= Virginia Graham (English writer) =

English writer and poet (1910–1993)

Virginia Margaret Graham (1 November 1910 – 17 February 1993) was a London-born English writer, critic and poet, whose humorous verses on Second World War subjects were republished in London by Persephone Books in 2000 as Consider the Years 1938–1946. The first edition was published in 1946 by Jonathan Cape. She had a long correspondence with Joyce Grenfell, which was later published.

==Early life==
Virginia Graham was the only child of the humorist and poet, Harry Graham (Ruthless Rhymes for Heartless People), and Dorothy Villiers, who married in 1910. She was a Christian Scientist. Brought up near Hyde Park, London, she attended Notting Hill High School. She married Antony Frederic Lewis Thesiger, son of Hon. Percy Thesiger, in 1939, but had no children.

==Published works==
Graham's published books include Say Please (1949), a sardonic etiquette guide illustrated by Osbert Lancaster, Here's How (1951), A Cockney in the Country (1958), and The Story of WVS (Women's Voluntary Services, 1959), for which she worked during the war, and Nikki (1956, illustrated by Gillian Bunbury).
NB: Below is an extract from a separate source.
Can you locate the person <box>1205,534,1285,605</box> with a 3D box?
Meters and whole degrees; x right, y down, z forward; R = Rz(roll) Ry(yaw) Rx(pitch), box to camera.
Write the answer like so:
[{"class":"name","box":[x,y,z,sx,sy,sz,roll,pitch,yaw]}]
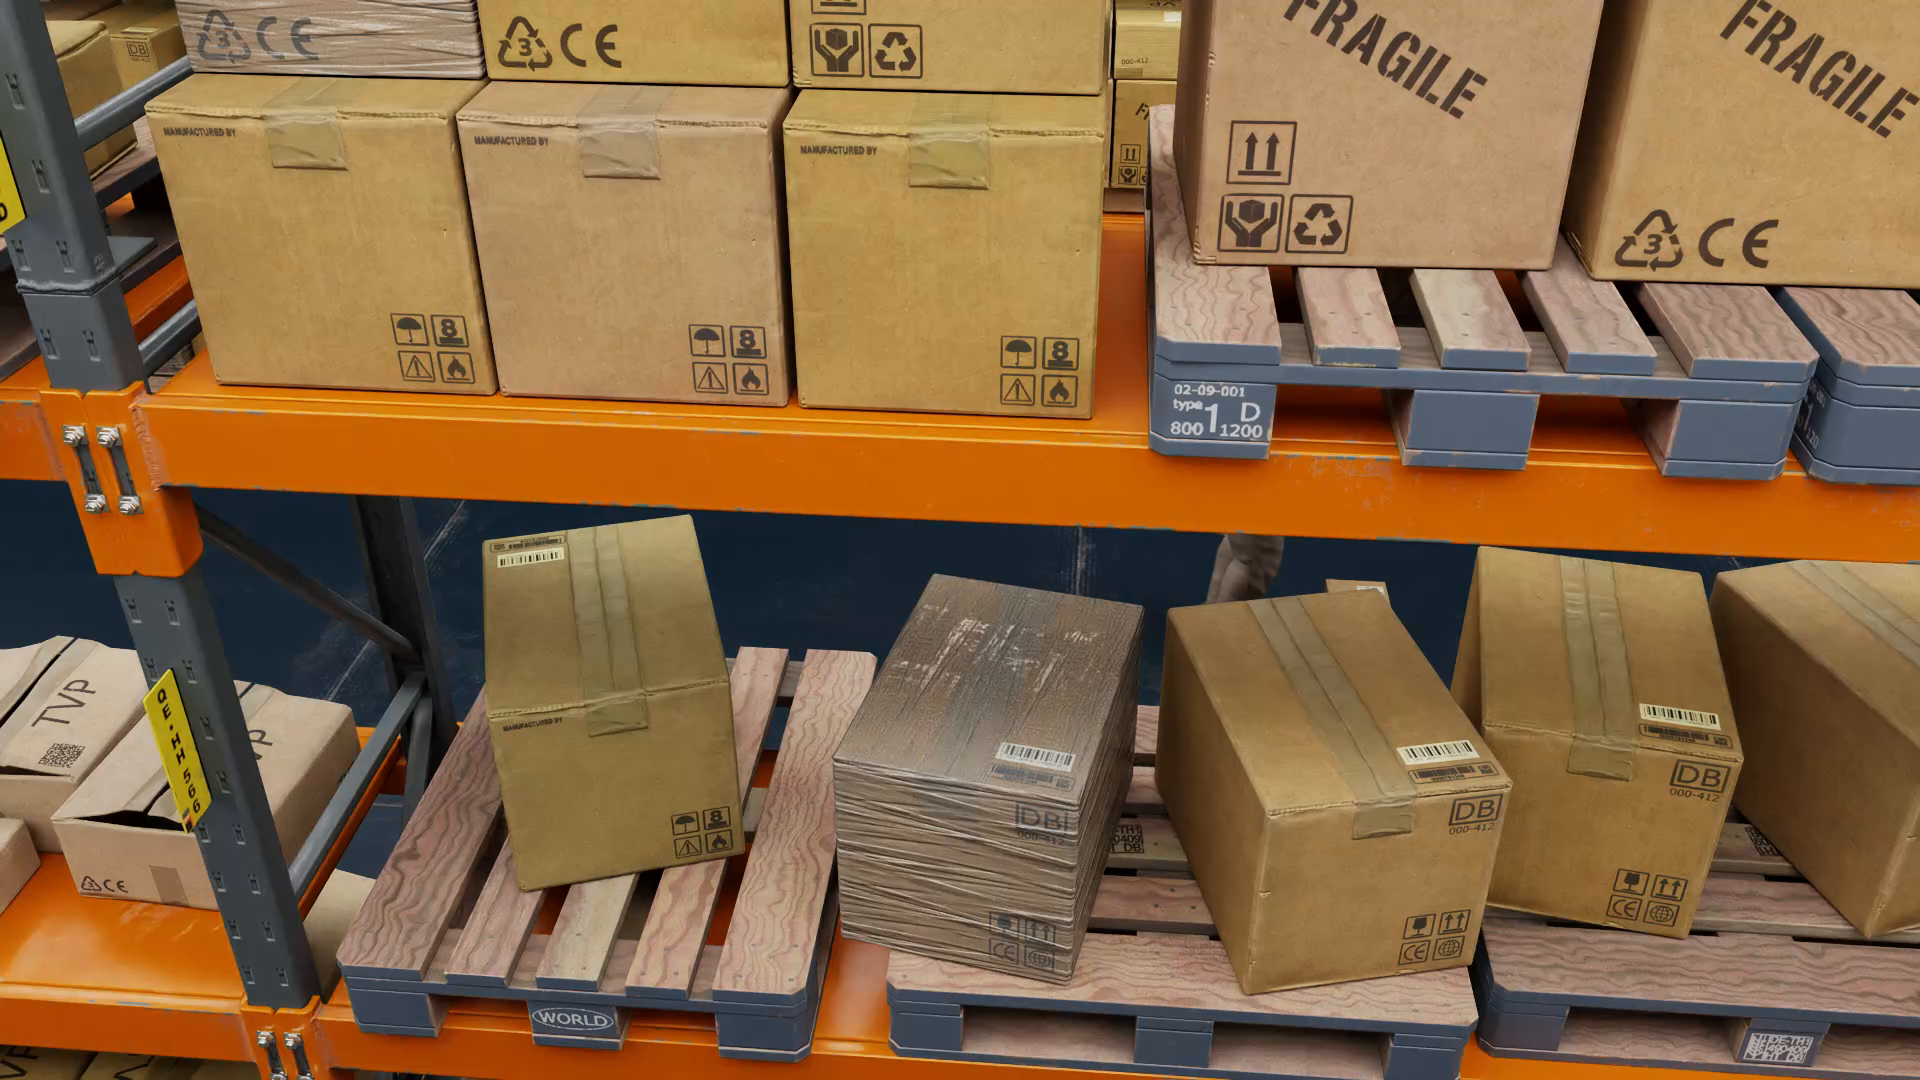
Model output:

Graham's long correspondence with Joyce Grenfell appeared in 1997. She had met Joyce Grenfell when they were children, and they enjoyed a lifelong friendship, which included collaboration on some of Grenfell's songs. On Grenfell's first stage appearance, Virginia Graham had this to say: "She had no image to preserve, no axe to grind, no future management to impress. This total lack of 'angst' came across the footlights and engendered an atmosphere of extraordinary trust and love, so that audiences under her spell felt safe and cozy and somehow cherished."

Among the works Virginia Graham translated are I Said to my Wife by the French journalist and writer Jean Duché (1953, illustrated by Nicolas Bentley) and The Sky and the Stars by Albert Préjean (1956). She was instrumental in having her father's Ruthless Rhymes republished in 1986. She also helped to compile a selection of her father's poetry published in the same year: When Grandmama Fell off the Boat.

Virginia Graham wrote regular film reviews for The Spectator in the late 1940s and early 1950s.